Les cours sur l’histoire et la société russe à la Ulapland
A l’université, il est proposé un cours en anglais ayant pour intitulé et thème « l’histoire et la société russe ». Le professeur qui l’enseigne pourrait être Russe. Son allure semble illustrer le parfait cliché du mâle russe. Trapu, négligé, il porte une barbe et de grosses lunettes. Son teint et sa santé de toute évidence fragilisée laissent suggérer les stigmates d’un alcoolisme chronique de longue date. Mais il est bien Finlandais, et fier de l’être à juger sa tendance naturelle et manifeste à porter sur la Russie un regard critique voire inquisiteur, acerbe voire pessimiste. Sans aucun doute, les leçons qu’il professe en la matière sont fortement subjectives. On peut en juger par le nombre de photos personnelles – escapades et autres voyages « scientifiques » en Russie – qu’il intègre plus ou moins pertinemment dans la présentation de son propos. Mais c’est surtout dans son approche des questions liées à l’histoire et à la société russe que l’on peut sûrement discerner des choix délibérés de teinter le propos de sa propre amertume, qu’elle soit intime pour des raisons obscures, ou patriotiques pour des raisons évidentes. Le découpage en chapitres couvre ni plus ni moins le champ certes assez étendu des maux de la société russe contemporaine, de l’alcoolisme fléau (dont les statistiques sont certes éloquentes au pays des tsars) au crime organisé, en passant par la misère des enfants des rues, les ravages du SIDA, l’emprise du chômage, les désastres de la radioactivité, ou encore la tragédie de la prostitution qui s’exporte… Bref, la noirceur de ce portrait de la société russe qui émane d’un point de vue universitaire mais altéré d’exagération en dit long sur les rancœurs excessives de beaucoup de Finlandais à l’égard de leurs voisins russes…

Le point de vue des Finlandais sur les Russes, et vice-versa
Du côté finlandais, on décrit volontiers les Russes comme des êtres méchants et malhonnêtes. Les traumatismes du passé, notamment lors des deux guerres mondiales, peuvent expliquer la connotation violente de la Russie dans l’imaginaire finlandais. Mais de nos jours ce portrait peu flatteur se perpétue, en particulier à travers le regard porté par les contemporains sur les Russes présents en Finlande, souvent pour des activités économiques qu’ils exploitent sans scrupule au regard des exigences nationales en matières fiscale ou sociale… De l’autre côté, la tranquillité et le civisme des Finlandais tendent à leur valoir au regard des Russes d’être des êtres mous et stupides.

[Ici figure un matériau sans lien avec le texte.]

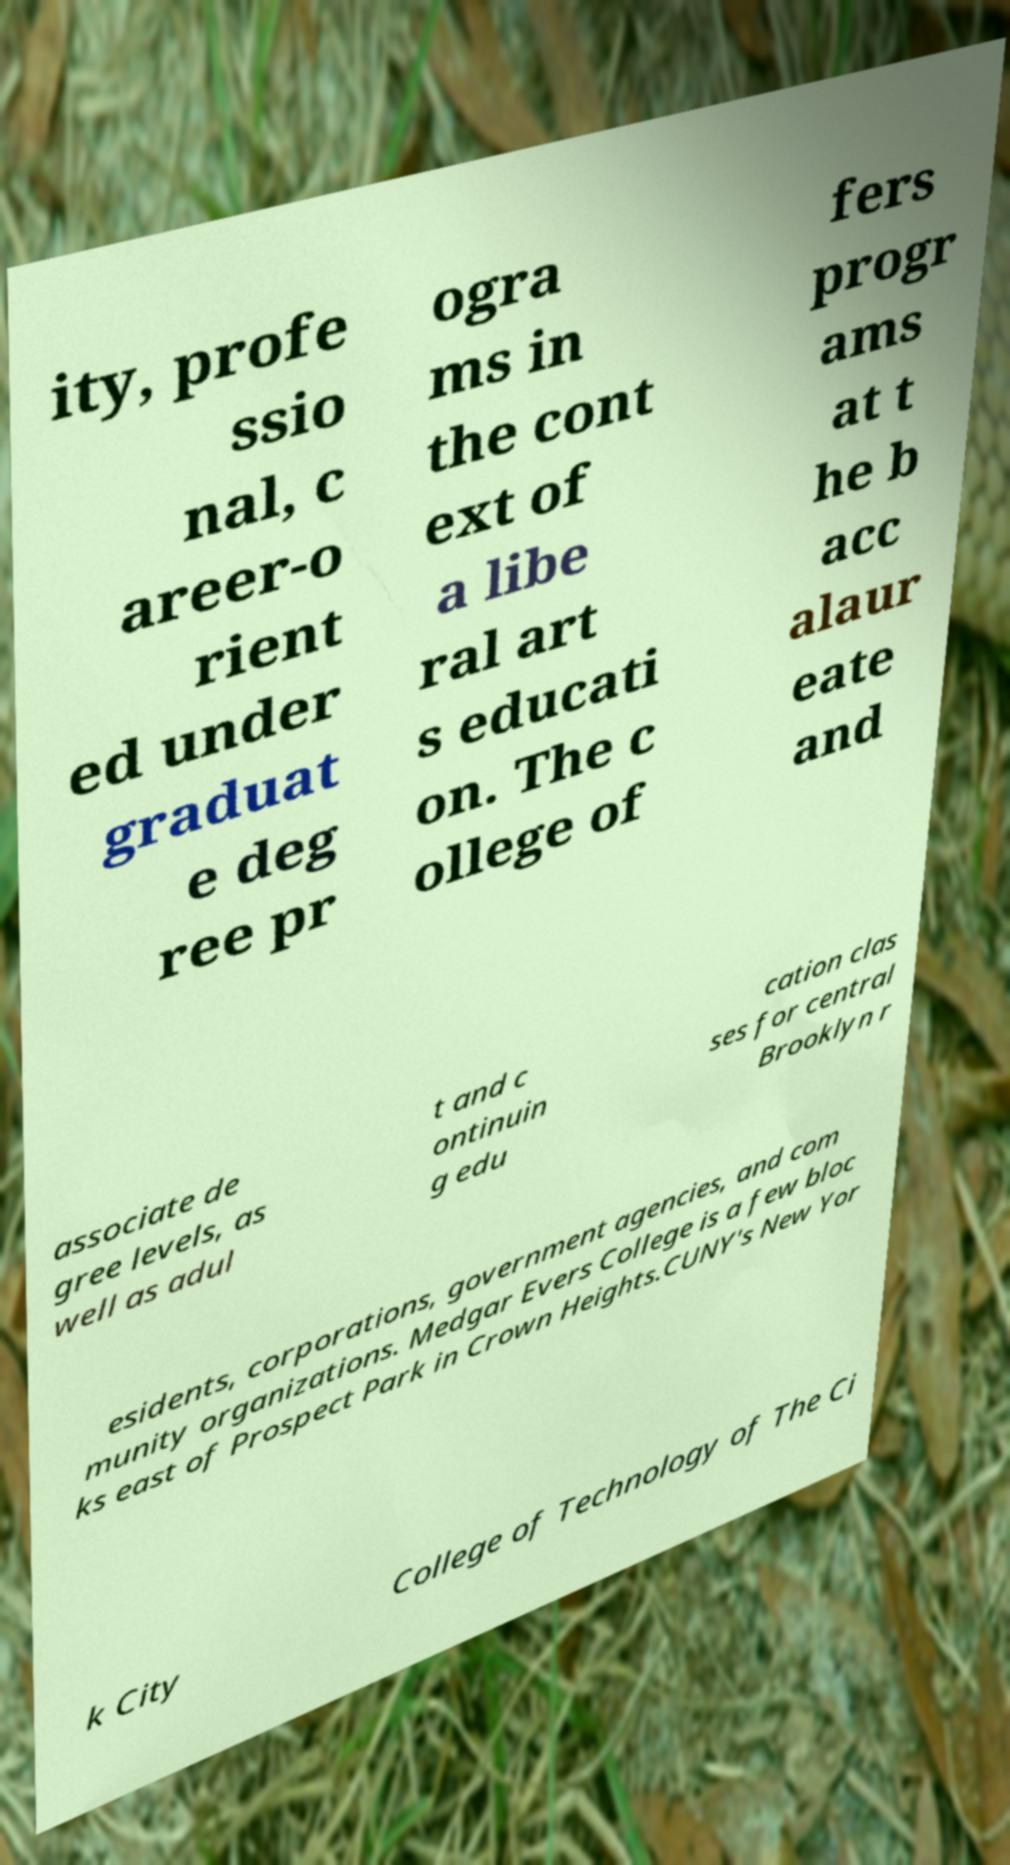Please identify and transcribe the text found in this image. ity, profe ssio nal, c areer-o rient ed under graduat e deg ree pr ogra ms in the cont ext of a libe ral art s educati on. The c ollege of fers progr ams at t he b acc alaur eate and associate de gree levels, as well as adul t and c ontinuin g edu cation clas ses for central Brooklyn r esidents, corporations, government agencies, and com munity organizations. Medgar Evers College is a few bloc ks east of Prospect Park in Crown Heights.CUNY's New Yor k City College of Technology of The Ci

Un constat qui en dit long sur les différences profondes d’identité entre les deux peuples. Les Finlandais sont des démocrates confirmés, attachés à la sécurité que leur garantit l’Etat, et pacifiques par tradition. Les Russes sont eux confrontés à une réalité beaucoup plus instable où chacun doit affirmer sa force pour en tirer bénéfice.

D’Est en Ouest
Côté diplomatie, les relations Finlande-Russie sont réputées de bonne qualité, mais elles restent complexes et susceptibles de connaître des tensions ponctuelles à tout moment (notamment sur la protection des investissements, l’espace aérien, …). L’entrée de la Finlande dans l’Union européenne s’est accompagnée d’un net refroidissement de ses relations avec la Russie, mais celle-ci reste néanmoins un partenaire de choix, devenant même le deuxième partenaire commercial du pays (après l’Allemagne). Si la Russie a toujours été un partenaire majeur, pour le pire et le meilleur, de la Finlande, elle voit aujourd’hui son ex-duché résolument tourné vers l’Ouest et l’Union européenne.